##### SOURCE MATERIAL
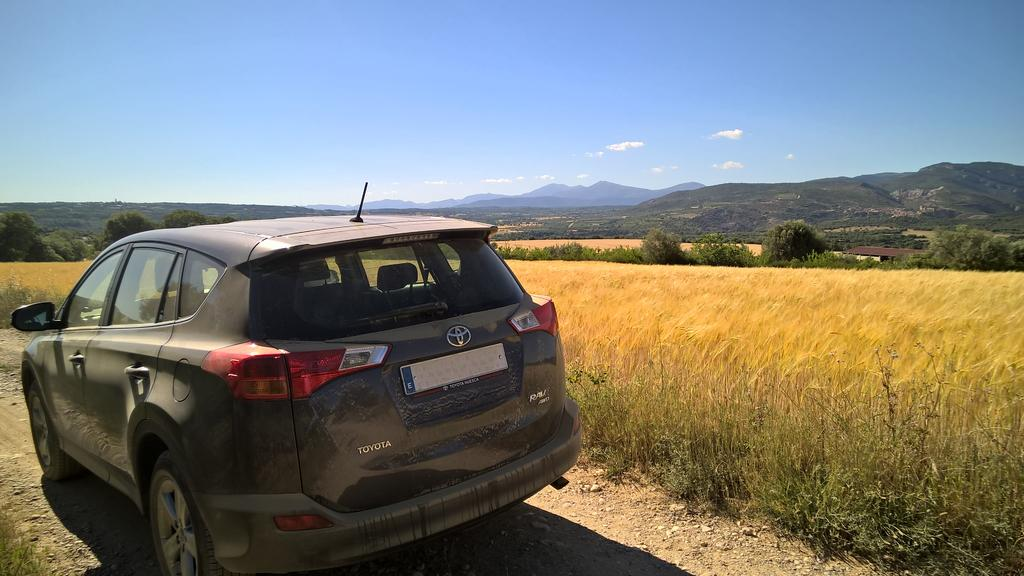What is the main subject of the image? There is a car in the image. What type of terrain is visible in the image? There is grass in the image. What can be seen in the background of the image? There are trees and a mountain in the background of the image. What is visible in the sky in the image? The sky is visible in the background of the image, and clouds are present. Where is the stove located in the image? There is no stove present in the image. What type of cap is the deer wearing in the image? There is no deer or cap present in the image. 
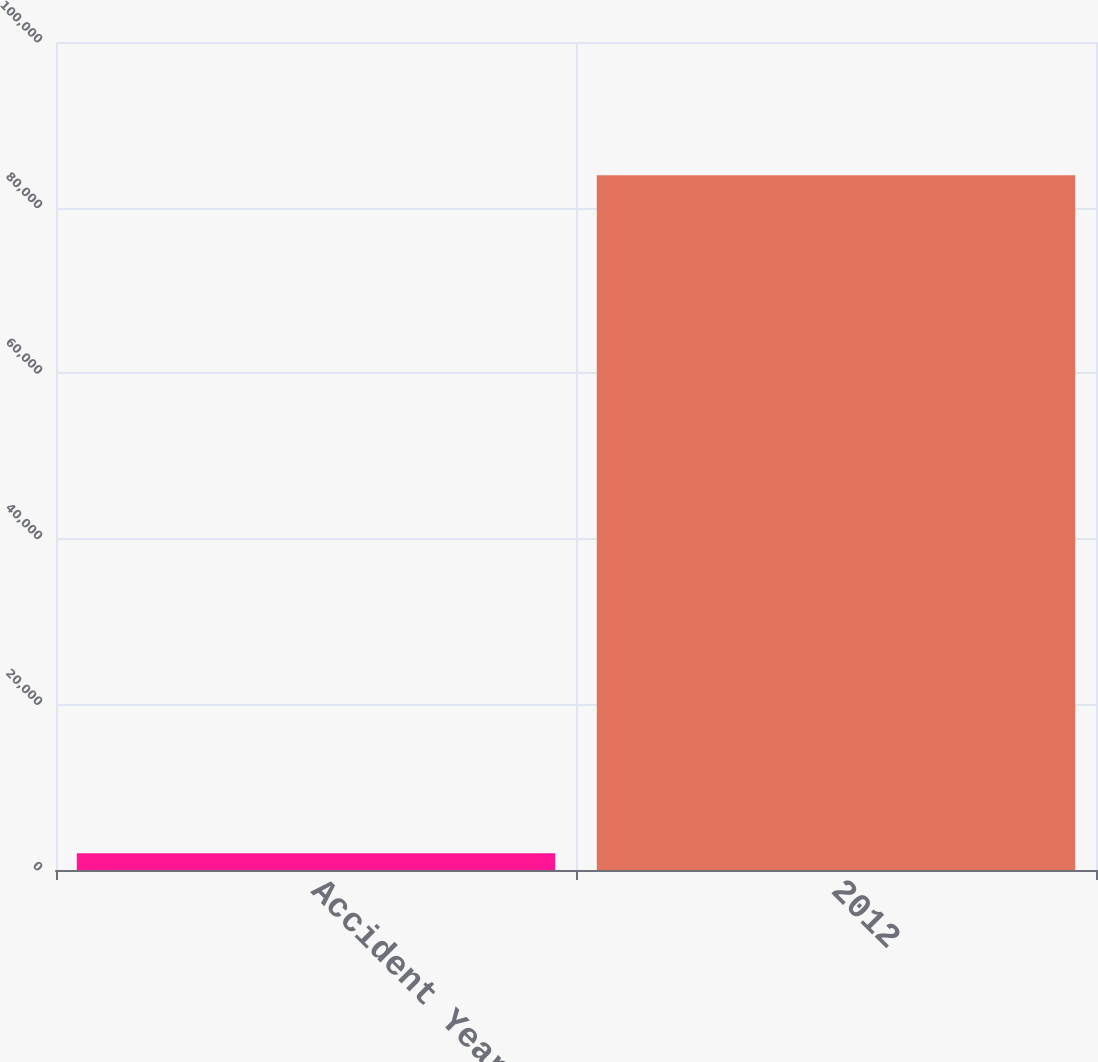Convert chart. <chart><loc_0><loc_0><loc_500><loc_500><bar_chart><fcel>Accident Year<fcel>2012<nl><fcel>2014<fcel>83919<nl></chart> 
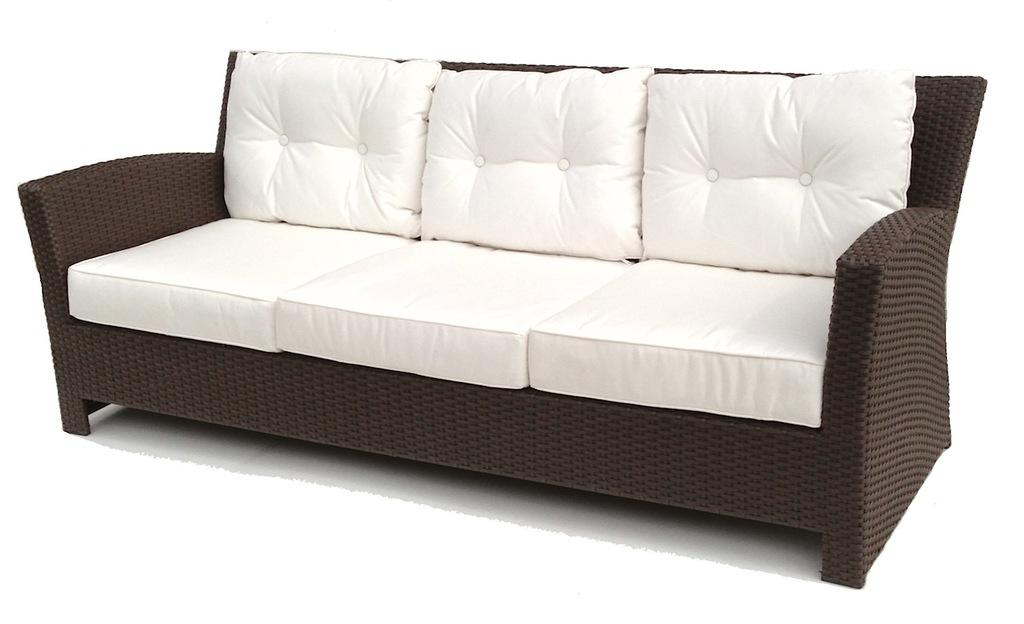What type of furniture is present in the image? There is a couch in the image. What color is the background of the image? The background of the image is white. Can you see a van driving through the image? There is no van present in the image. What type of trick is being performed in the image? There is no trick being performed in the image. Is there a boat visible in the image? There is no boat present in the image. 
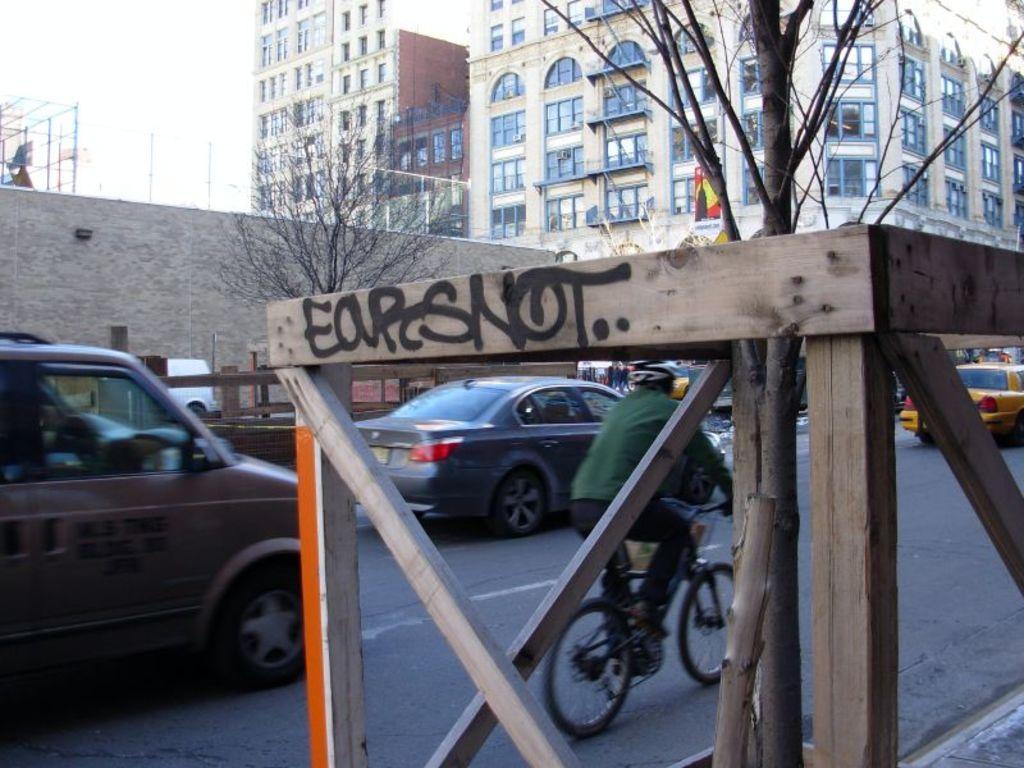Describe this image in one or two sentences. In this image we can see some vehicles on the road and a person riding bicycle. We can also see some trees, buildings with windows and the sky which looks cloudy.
##########
##### SOURCE MATERIAL
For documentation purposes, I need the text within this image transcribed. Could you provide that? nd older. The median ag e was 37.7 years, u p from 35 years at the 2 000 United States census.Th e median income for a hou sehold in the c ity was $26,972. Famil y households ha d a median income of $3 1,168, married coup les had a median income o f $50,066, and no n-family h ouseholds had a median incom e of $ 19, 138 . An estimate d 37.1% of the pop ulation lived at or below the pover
##########
##### SOURCE MATERIAL
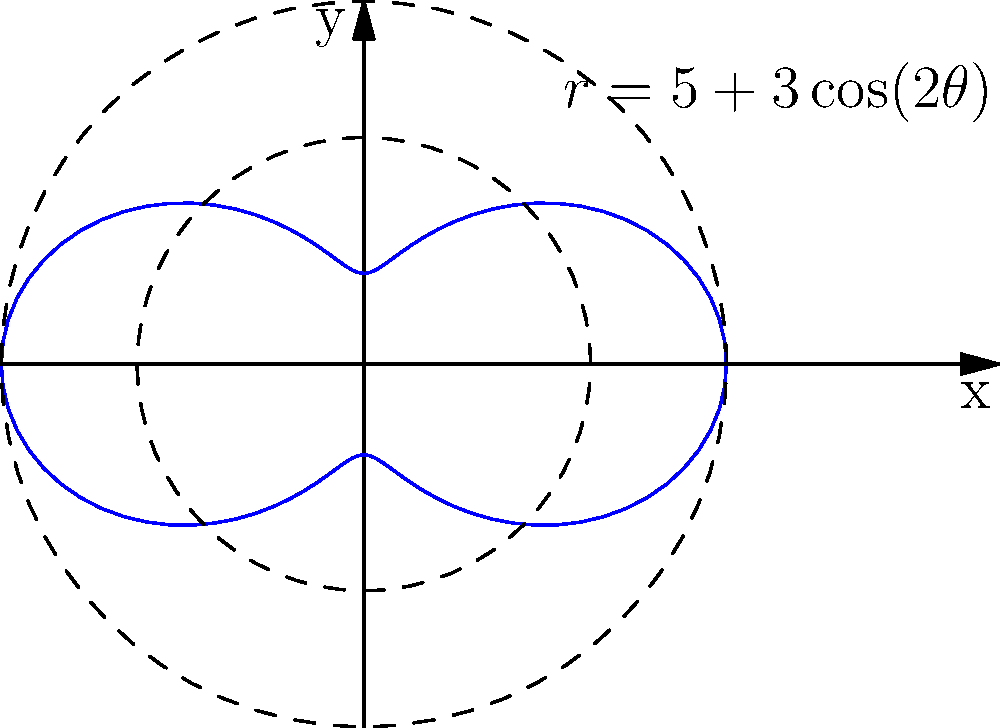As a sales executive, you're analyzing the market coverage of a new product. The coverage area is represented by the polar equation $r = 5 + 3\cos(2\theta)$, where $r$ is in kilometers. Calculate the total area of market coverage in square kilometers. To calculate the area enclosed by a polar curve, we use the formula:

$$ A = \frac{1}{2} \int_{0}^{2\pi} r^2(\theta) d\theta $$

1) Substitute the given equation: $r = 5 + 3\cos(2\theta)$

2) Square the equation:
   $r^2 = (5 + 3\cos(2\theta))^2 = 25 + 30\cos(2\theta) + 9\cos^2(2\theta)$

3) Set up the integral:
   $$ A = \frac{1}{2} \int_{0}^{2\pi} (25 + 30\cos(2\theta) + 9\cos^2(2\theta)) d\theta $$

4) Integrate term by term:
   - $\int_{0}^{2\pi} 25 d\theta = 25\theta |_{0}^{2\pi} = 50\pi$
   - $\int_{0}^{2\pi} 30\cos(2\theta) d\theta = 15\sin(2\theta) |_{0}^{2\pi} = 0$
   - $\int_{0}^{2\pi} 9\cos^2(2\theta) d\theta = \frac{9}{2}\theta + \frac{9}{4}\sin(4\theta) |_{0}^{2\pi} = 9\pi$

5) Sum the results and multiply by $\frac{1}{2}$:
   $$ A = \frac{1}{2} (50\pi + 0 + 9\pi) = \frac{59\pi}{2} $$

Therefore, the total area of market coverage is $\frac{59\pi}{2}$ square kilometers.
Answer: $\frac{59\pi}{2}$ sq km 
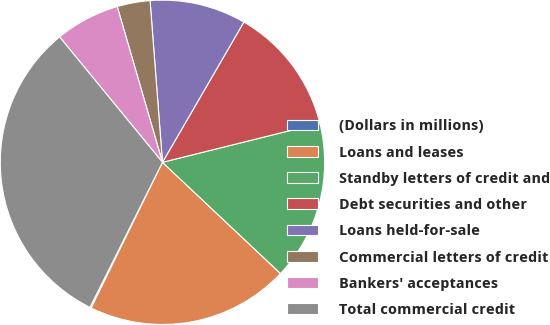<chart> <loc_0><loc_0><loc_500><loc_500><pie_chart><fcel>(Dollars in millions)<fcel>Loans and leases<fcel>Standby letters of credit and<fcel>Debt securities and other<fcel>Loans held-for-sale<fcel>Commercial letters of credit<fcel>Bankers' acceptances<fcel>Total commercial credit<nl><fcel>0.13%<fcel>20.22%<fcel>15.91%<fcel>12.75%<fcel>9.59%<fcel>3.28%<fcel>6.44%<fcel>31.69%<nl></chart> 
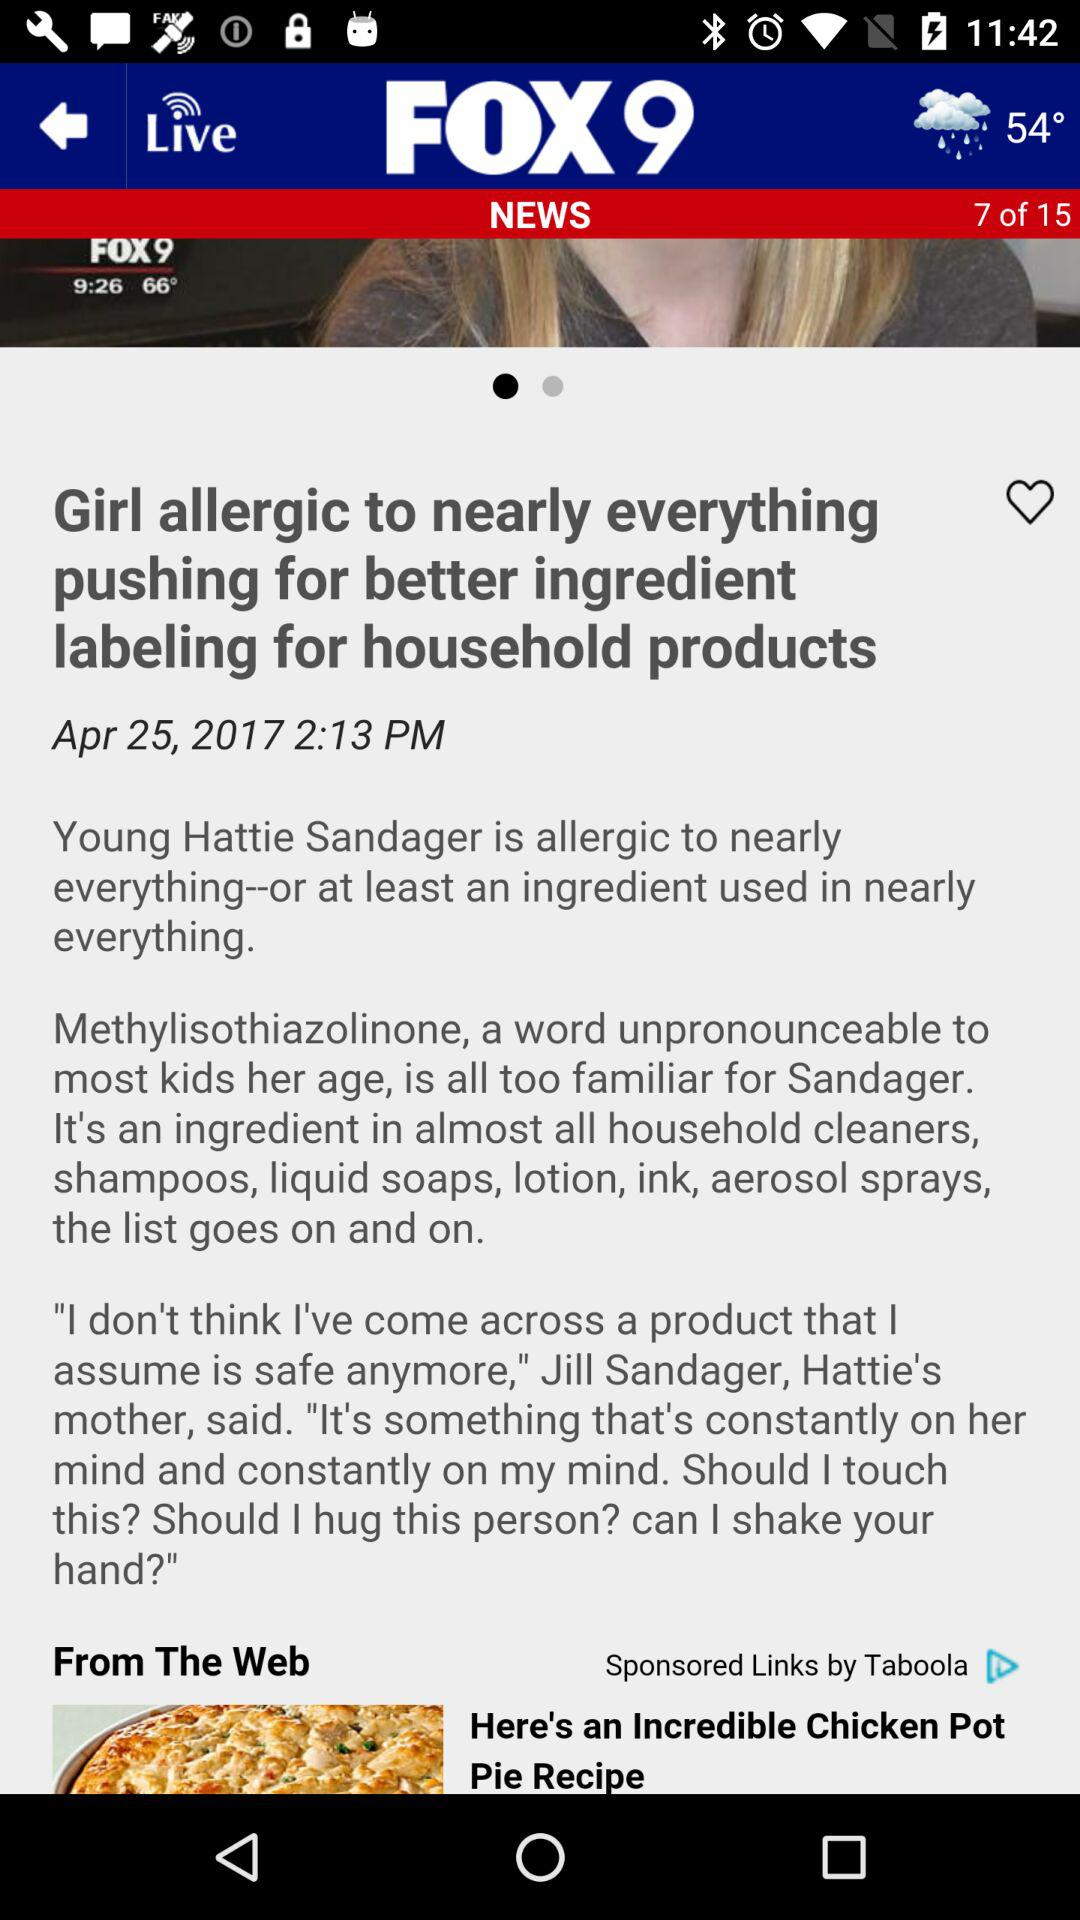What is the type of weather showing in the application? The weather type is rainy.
##########
WORK INSTRUCTIONS
Find the line with "9\cos^2(2\theta)) d\theta $$" in the entries above. Retype it and each line after it, exactly, through the line with "5) Sum the results", and stop there.

OUTPUT BELOW
   $$ A = \frac{1}{2} \int_{0}^{2\pi} (25 + 30\cos(2\theta) + 9\cos^2(2\theta)) d\theta $$

4) Integrate term by term:
   - $\int_{0}^{2\pi} 25 d\theta = 25\theta |_{0}^{2\pi} = 50\pi$
   - $\int_{0}^{2\pi} 30\cos(2\theta) d\theta = 15\sin(2\theta) |_{0}^{2\pi} = 0$
   - $\int_{0}^{2\pi} 9\cos^2(2\theta) d\theta = \frac{9}{2}\theta + \frac{9}{4}\sin(4\theta) |_{0}^{2\pi} = 9\pi$

5) Sum the results and multiply by $\frac{1}{2}$:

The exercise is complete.